Introduction

An introduction to customs valuation.

Overarching provisions

The World Trade Organization’s (WTO) Agreement on the Implementation of Article VII General Agreement on Tariffs and Trade (GATT) 1994, also known as the ‘Customs Valuation Agreement (CVA)’ provides the basis for customs valuation rules upon which signatories to the GATT enact domestic legislation, and therefore must be broadly reflected within. This handbook sets out the UK’s policy interpretation of Article VII GATT within our own UK legislation.

The World Customs Organization (WCO) provides guidance and support for its members on customs valuation issues and other customs matters.
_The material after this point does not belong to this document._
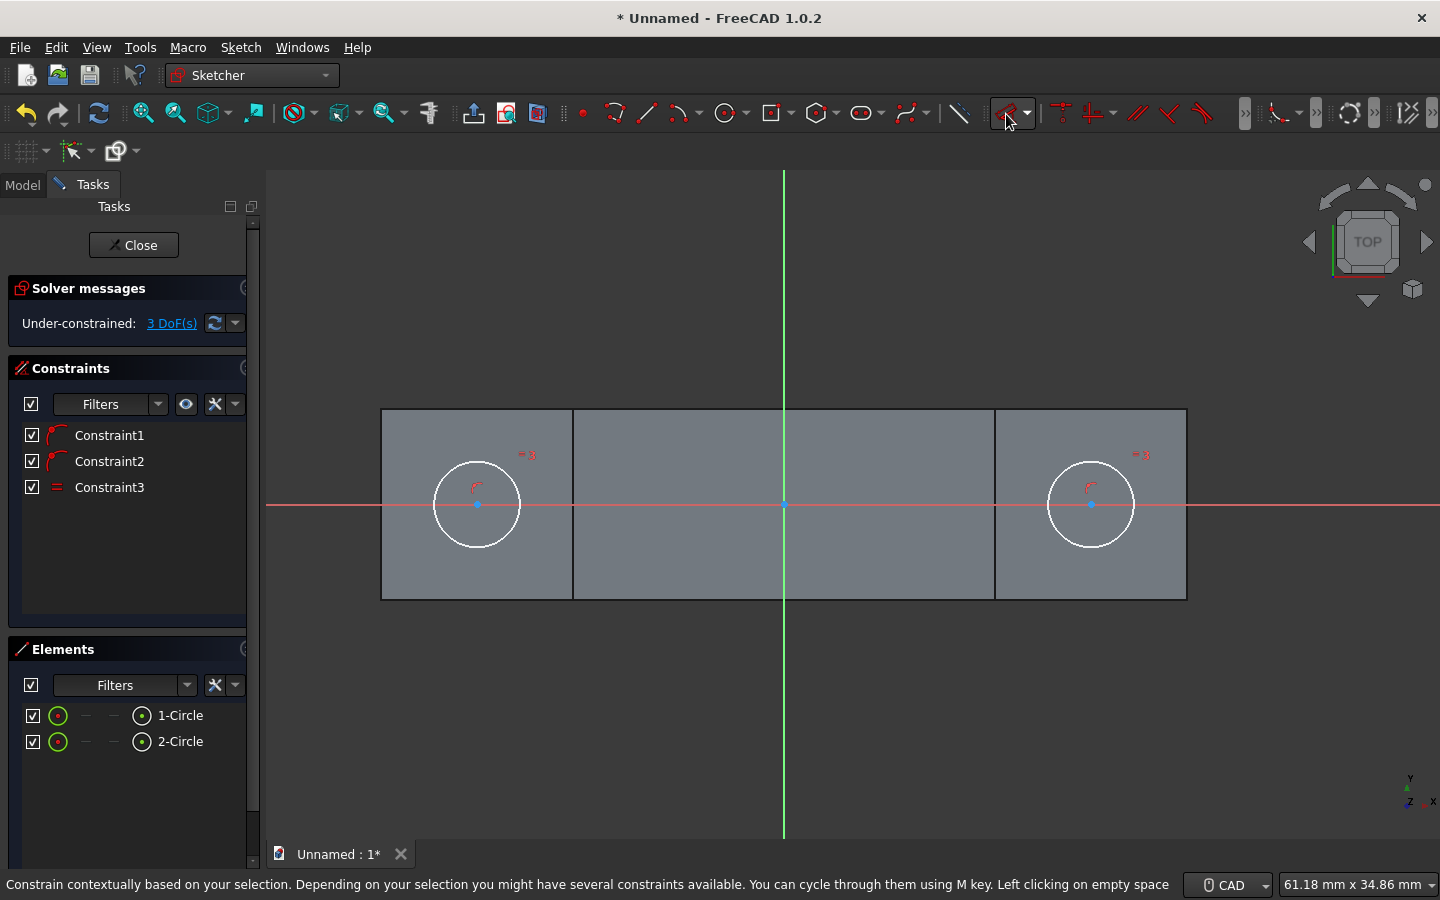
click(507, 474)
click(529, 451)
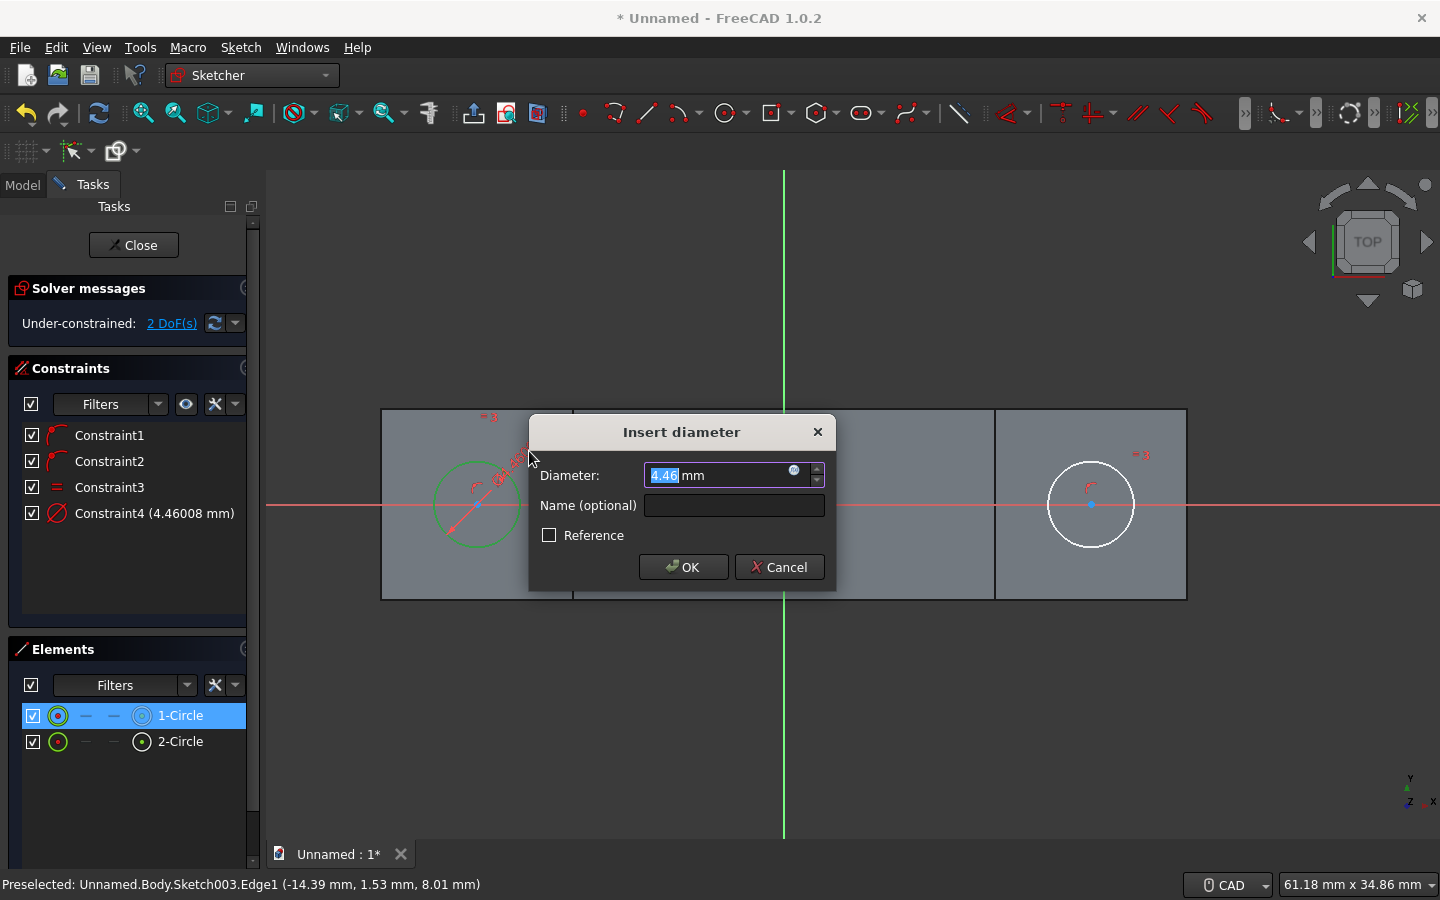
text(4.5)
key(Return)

The WCO’s Technical Committee on Customs Valuation (TCCV) publishes its Valuation Compendium. The TCCV makes technical decisions and publishes them as instruments in the form of:

  • advisory opinions 
  • commentaries 
  • explanatory notes 
  • case studies 
  • studies

These instruments are not binding on Customs administrations, and do not amount to international valuation law. However, it is expected that the decisions of the Technical Committee are to play an important and vital role in achieving uniformity in the interpretation and application of the CVA

Throughout this handbook HMRC will at times refer to the guidance above, the material is available to the public on the WCO’s website for a subscription fee. The use of WCO material or any mention or listing of such herein is solely for educational purposes and does not imply endorsement by HMRC, nor discrimination against similar products or services not mentioned.

Legislation

In the UK, customs valuation law is provided by the Taxation (Cross-border Trade) Act 2018 (TCTA) and the Customs (Import Duty) (EU Exit) Regulations 2018 (CIDEER). Additional provisions can be found in Notices made under the Customs (Import Duty) (EU Exit) Regulations 2018

In Northern Ireland the Union Customs Code (UCC) applies, additionally the UCC DA and the UCC IA provide further provision on customs valuation. 
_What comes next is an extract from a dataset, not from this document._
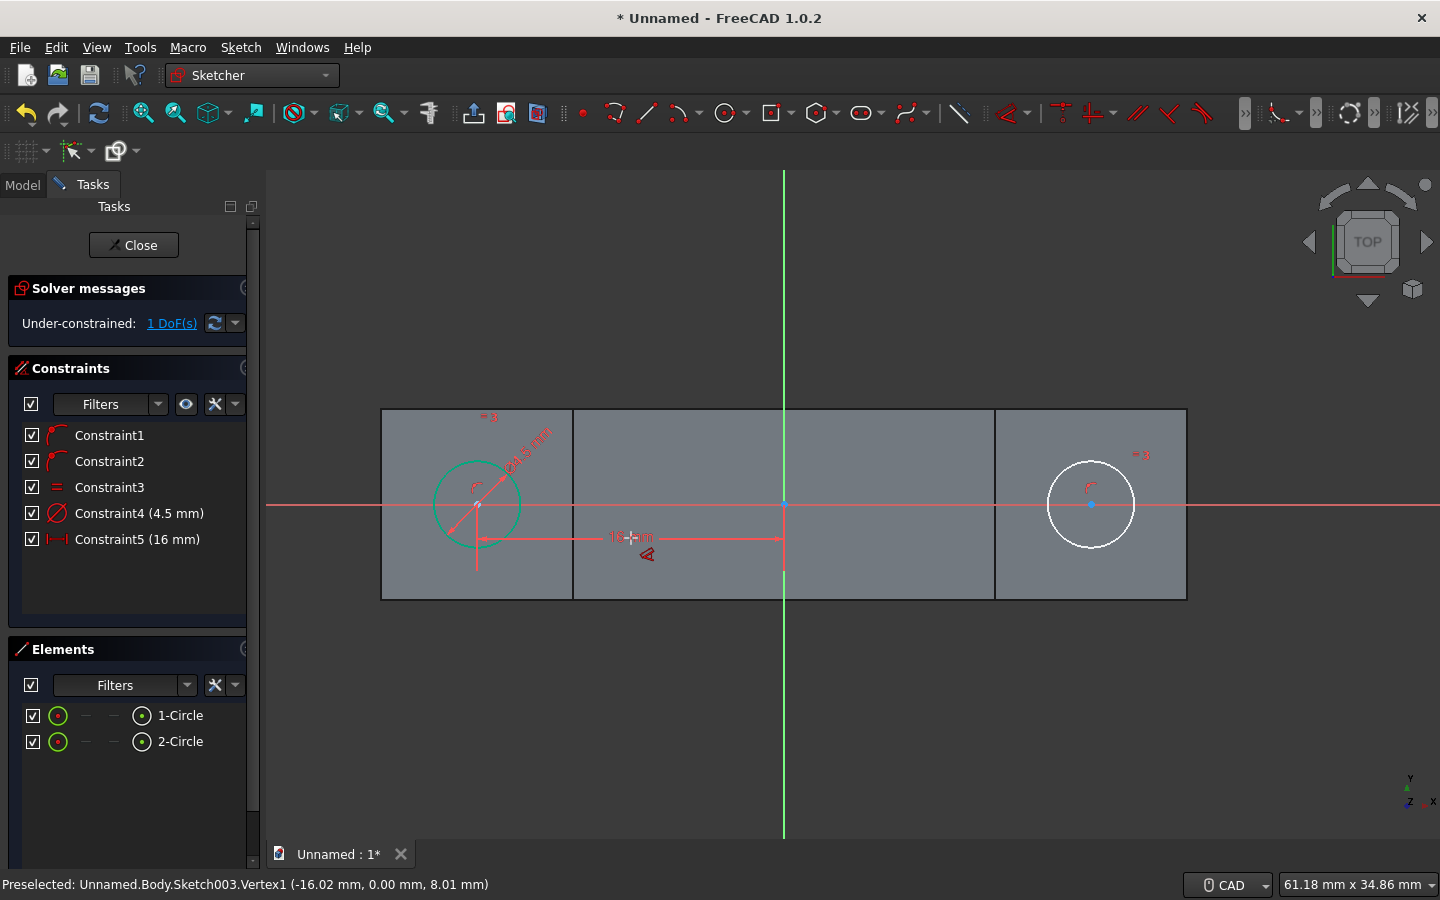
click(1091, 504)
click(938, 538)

Regulations 952/2013 (UCC), 2015/2447 (UCC DA), and 2015/2446 (UCC IA) can be found on the EU legislation website Eur-lex.

For imports into the UK prior to 1 January 2021 UCC legislation should be applied.

Customs Valuation

There are 6 methods for establishing the value on which Customs Duty and import VAT is calculated. The same value is also used for trade statistics. This handbook explains what the methods are and when they should be used. The handbook explains HMRC’s view of the law, and nothing in it overrides the law.  

HMRC often charges Customs Duty as a percentage of the value of imported goods - this is called ‘ad valorem duty’. The amount of duty an importer must pay depends on the customs value of their goods. The rules for arriving at the customs value are based on the World Trade Organisation (WTO) Valuation Agreement. This was previously known as the ‘General Agreement on Tariffs and Trade’ (GATT). 

In the UK Trade Tariff, importers can find out if they have to pay ‘ad valorem Customs Duty’. This lists all the Customs Duty rates, commodity codes and procedures relating to imported goods. Importers can use the HMRC Online Trade Tariff or ask for details from HMRC’s helpline.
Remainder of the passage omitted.